I'm good with Group III 95% of the time. They've achieved some impressive performance from it. Very good viscosity index at a fraction of Group IV prices, which is what consumer cars need. Would I use it in a drag only trans with a transbrake? Not a chance!


It sucks but I’m not up on most brands of oil any more.

So my advice was horrible.

My philosophy is (especially with automatics) the transmission fluid lasts far longer than engine oil.

To that end, when you spend money on new parts and all that, why skimp on transmission fluid?

Those things are death on oil. They make heat like a mother and most guys just use the cooler in the radiator rather than a stand alone cooler. And most guys run 190 plus engine coolant temperatures so the oil is at least that hot getting back to the transmission. And that’s assuming that little cooler in the radiator is capable of pulling enough heat quickly enough to drop the temperature back to 190 before it heads back to the transmission.

To that end, I would have suggested an oil from someone like Torco, HPL and one other I can’t think of right now.

But, people buy based on cost and not value.

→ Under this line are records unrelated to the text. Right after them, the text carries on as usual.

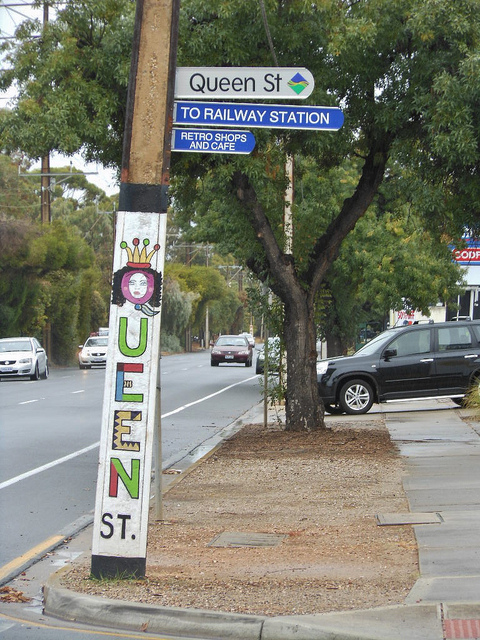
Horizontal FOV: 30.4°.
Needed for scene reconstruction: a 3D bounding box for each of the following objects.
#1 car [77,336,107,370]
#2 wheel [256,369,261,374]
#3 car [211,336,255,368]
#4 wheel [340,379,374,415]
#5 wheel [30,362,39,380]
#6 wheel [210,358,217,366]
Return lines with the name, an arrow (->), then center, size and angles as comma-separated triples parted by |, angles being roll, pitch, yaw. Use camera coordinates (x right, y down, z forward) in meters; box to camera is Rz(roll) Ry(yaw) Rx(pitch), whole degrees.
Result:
car -> -6.478, 1.481, 39.602 | 1.327, 1.199, 3.068 | 0, -3, -3
wheel -> 0.682, 1.887, 32.184 | 0.188, 0.198, 0.135 | 0, -1, -42
car -> -0.385, 1.546, 42.493 | 1.926, 1.335, 2.857 | 0, -1, 0
wheel -> 2.193, 1.418, 16.657 | 0.565, 0.646, 0.214 | -2, 3, -13
wheel -> -6.945, 1.704, 29.873 | 0.183, 0.644, 0.598 | 2, 0, 1
wheel -> -1.257, 2.059, 42.052 | 0.221, 0.289, 0.239 | 0, -3, 0

They want short term gain (less cash out of pocket at the start) for long term pain (more transmission wear, poorer shifting and yes, you can tell the difference and the fluid will require changing sooner) and to me that’s not value.

I just get tired of all the wailing and gnashing of teeth that happens when you say to someone that buying 22-25 dollar a quart oil is a cost benefit, or an oldie but a goodie “it’s not a race car” nonsense so I just don’t say it very often any more.

To the OP, if you get what I’m saying, look into Torco and HPL.

You spend more up front but in the long run it saves money.

If not, then go with S’cuder’s advice.
 
my intended use is not racing, just a fair weather weekend cruiser but if theres an advantage to use the max life synthetic i would use it.
Im not concerned about price, Im more concerned about the protection it does or does not provide and if its compatible with the older transmissions from the 70's
I would run a version of non synthetic Dexron like Chrysler recommended. You won't find original Dexron 1 very handy, but Dexron 3 is everywhere. That's what I'd use. This ain't rocket science. People can say "this ain't 1970 anymore" all they want, but the fact is, Dexron 3 is all you need. If you want something to shift a little more firm, Type F will be fine. The fact is, these transmissions will work on motor oil or even tractor fluid, so anything more is an upgrade.